Reoperation for post-hepatectomy hemorrhage: increased risk of mortality
Tóm tắt
Reoperation for post-hepatectomy hemorrhage (PHH) represents an important complication in patients undergoing liver resection. Yet, few studies have reported its presentation and patient outcomes of this event. Among the 2,086 patients who underwent elective hepatectomy from 2000 to 2009 in our HPB unit, the perioperative data of 12 (0.6 %) patients who underwent re-laparotomy for PHH were retrospectively analyzed. The diagnosis of PHH was established in all cases by the presence of blood in the drain. The mean interval time between the end of liver resection and the diagnosis of bleeding and reoperation were 17 h (1–43) and 38 h (1–93), respectively.
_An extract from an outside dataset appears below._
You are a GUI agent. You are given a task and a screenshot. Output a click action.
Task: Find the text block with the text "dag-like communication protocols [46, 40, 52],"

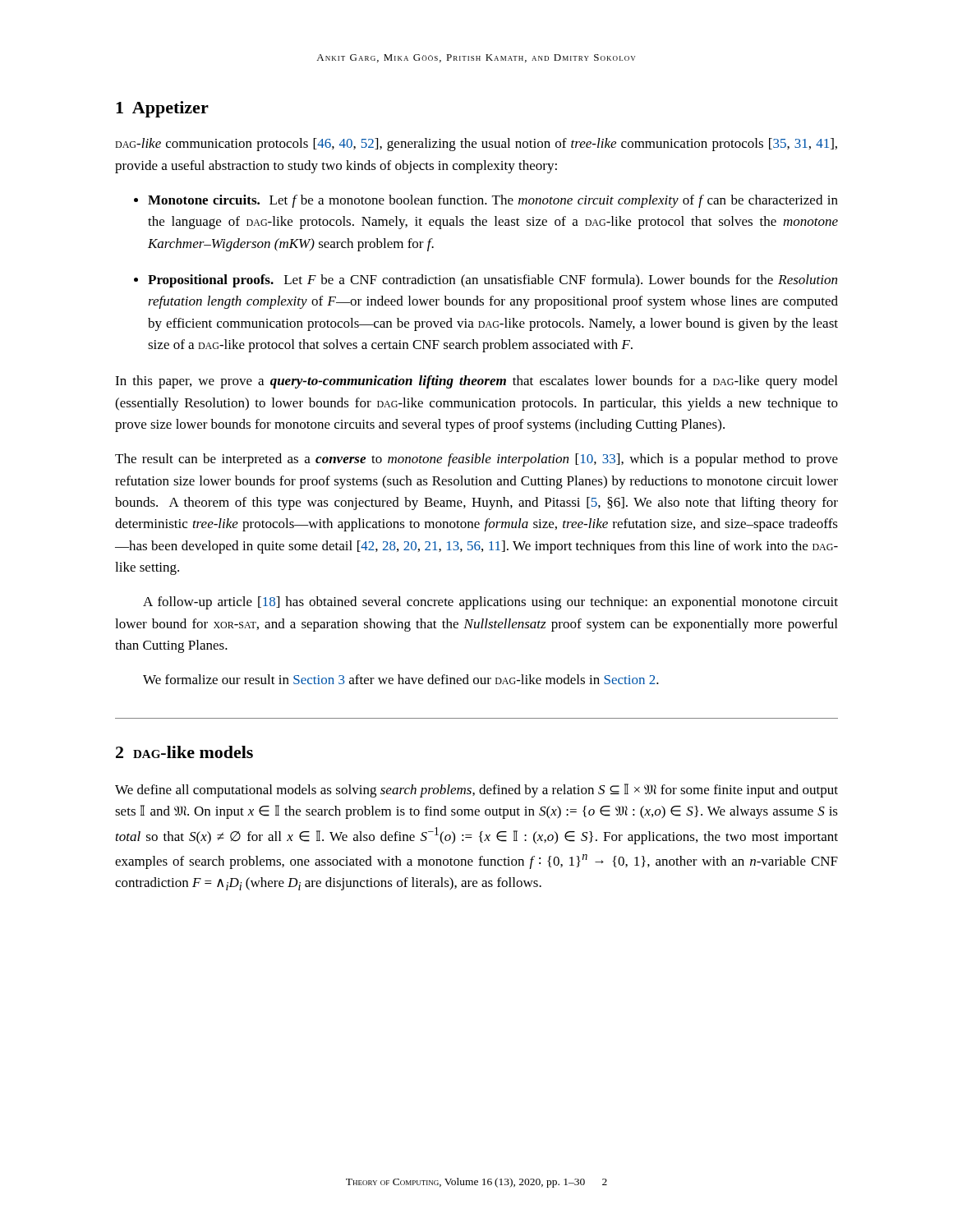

The causes of bleeding were the hepatic vein branch (n = 4), liver cut surface (n = 3), and a hepatic artery branch (n = 2). In three cases, no bleeding spot was identified. Postoperative death occurred in 3 patients (25 %) between 15 and 18 days after re-laparotomy. These 3 patients were all cirrhotic; 2 underwent early re-laparotomy (≤6 h) and 1 underwent re-laparotomy 24 h after the first recognition of active bleeding. Reoperation for PHH remains an important morbid event after liver resection. Death in patients with this complication is considerably high. It is diagnosed mainly on the aspect of the abdominal drain, justifying its use in risky patients.